For the records that follow, work out how many lines include "Format" and give only that count.

-*-*-

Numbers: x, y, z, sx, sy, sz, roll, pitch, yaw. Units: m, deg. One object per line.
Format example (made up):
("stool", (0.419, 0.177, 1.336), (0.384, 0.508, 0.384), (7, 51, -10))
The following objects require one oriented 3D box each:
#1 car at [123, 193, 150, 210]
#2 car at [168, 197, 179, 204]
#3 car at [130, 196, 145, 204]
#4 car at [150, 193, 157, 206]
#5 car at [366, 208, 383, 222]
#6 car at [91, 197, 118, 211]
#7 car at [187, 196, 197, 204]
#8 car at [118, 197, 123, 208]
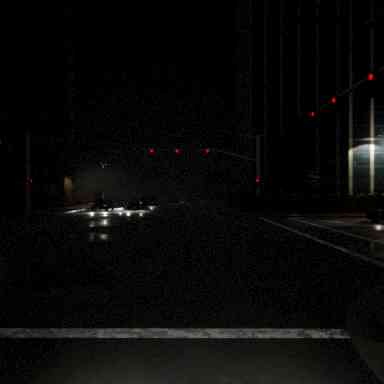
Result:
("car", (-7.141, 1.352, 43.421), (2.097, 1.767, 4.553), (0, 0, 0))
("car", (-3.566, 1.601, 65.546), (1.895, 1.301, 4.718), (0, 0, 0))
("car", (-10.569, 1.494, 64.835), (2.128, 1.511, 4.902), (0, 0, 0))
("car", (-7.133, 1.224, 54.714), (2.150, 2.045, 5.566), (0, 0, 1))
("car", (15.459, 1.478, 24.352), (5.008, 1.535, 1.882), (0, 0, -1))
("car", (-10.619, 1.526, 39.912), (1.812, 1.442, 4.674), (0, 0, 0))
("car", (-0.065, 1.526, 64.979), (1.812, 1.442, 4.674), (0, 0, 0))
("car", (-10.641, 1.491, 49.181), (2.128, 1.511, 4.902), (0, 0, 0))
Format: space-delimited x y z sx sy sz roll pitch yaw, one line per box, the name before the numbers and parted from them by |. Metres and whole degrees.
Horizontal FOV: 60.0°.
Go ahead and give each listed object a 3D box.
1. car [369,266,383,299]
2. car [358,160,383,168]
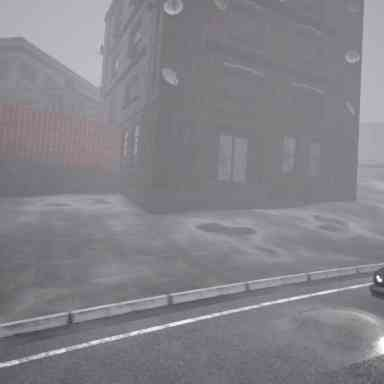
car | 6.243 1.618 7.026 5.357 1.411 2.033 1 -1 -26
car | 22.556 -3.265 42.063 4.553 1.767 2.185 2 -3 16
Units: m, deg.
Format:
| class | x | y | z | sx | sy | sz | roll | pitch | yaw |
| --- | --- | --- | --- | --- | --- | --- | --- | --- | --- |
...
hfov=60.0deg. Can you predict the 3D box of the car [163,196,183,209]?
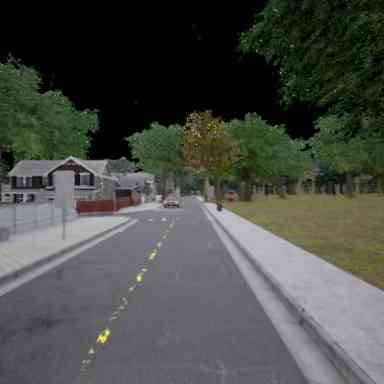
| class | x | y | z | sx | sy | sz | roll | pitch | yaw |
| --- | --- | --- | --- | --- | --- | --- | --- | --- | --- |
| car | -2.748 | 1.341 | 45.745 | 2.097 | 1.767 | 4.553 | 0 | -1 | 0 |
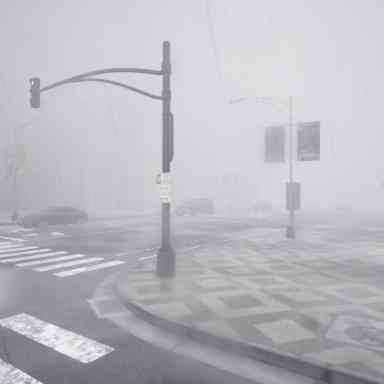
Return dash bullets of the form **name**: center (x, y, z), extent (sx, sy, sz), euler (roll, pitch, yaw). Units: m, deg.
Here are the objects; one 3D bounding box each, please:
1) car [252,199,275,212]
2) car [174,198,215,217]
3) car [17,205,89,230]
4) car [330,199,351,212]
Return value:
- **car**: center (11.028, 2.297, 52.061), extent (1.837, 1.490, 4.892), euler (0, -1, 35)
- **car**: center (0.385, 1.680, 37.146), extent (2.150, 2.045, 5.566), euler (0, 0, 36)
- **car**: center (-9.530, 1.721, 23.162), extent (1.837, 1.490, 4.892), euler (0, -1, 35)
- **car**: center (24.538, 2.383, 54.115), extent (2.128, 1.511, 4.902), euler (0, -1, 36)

-*-*-

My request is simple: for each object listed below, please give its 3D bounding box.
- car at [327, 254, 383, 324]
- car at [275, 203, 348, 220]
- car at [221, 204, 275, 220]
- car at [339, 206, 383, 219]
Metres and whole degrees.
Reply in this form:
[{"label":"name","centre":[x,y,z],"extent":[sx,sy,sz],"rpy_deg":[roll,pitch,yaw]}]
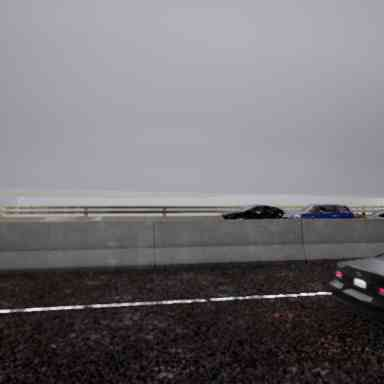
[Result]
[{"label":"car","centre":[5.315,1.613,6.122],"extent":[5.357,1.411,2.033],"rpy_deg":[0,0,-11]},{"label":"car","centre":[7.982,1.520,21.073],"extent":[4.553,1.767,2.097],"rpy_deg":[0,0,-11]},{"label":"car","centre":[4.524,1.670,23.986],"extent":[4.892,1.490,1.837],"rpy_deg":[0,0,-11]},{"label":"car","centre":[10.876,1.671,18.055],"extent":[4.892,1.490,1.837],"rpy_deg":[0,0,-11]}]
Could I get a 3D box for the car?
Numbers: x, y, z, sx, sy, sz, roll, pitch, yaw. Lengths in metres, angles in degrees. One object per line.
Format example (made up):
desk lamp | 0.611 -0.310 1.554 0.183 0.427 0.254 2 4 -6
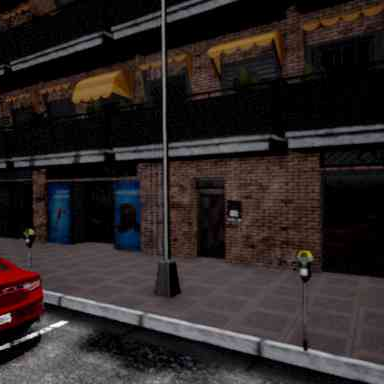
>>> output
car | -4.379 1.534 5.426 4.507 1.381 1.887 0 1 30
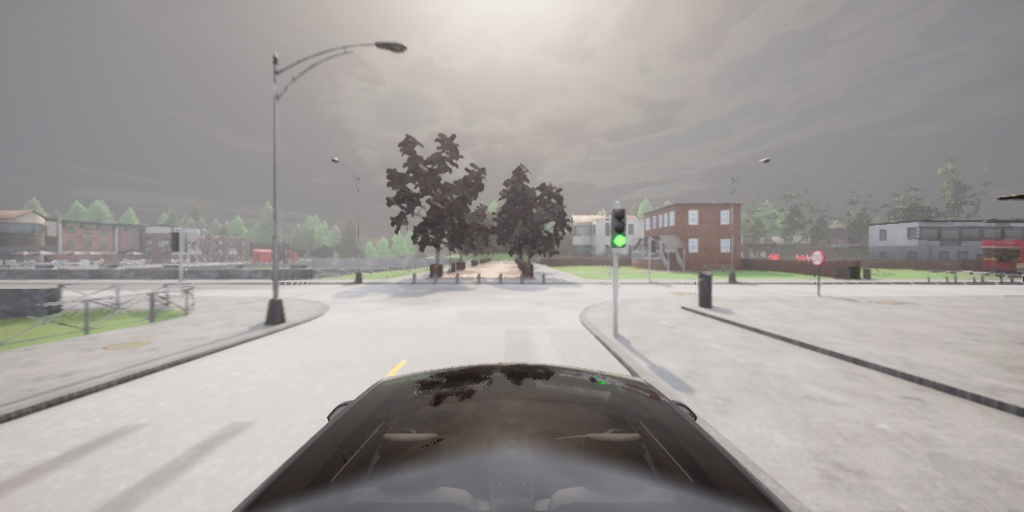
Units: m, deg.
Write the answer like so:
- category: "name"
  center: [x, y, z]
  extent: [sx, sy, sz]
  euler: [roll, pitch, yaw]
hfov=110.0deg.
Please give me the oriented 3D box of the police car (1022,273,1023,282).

-*-*-

### Your response
4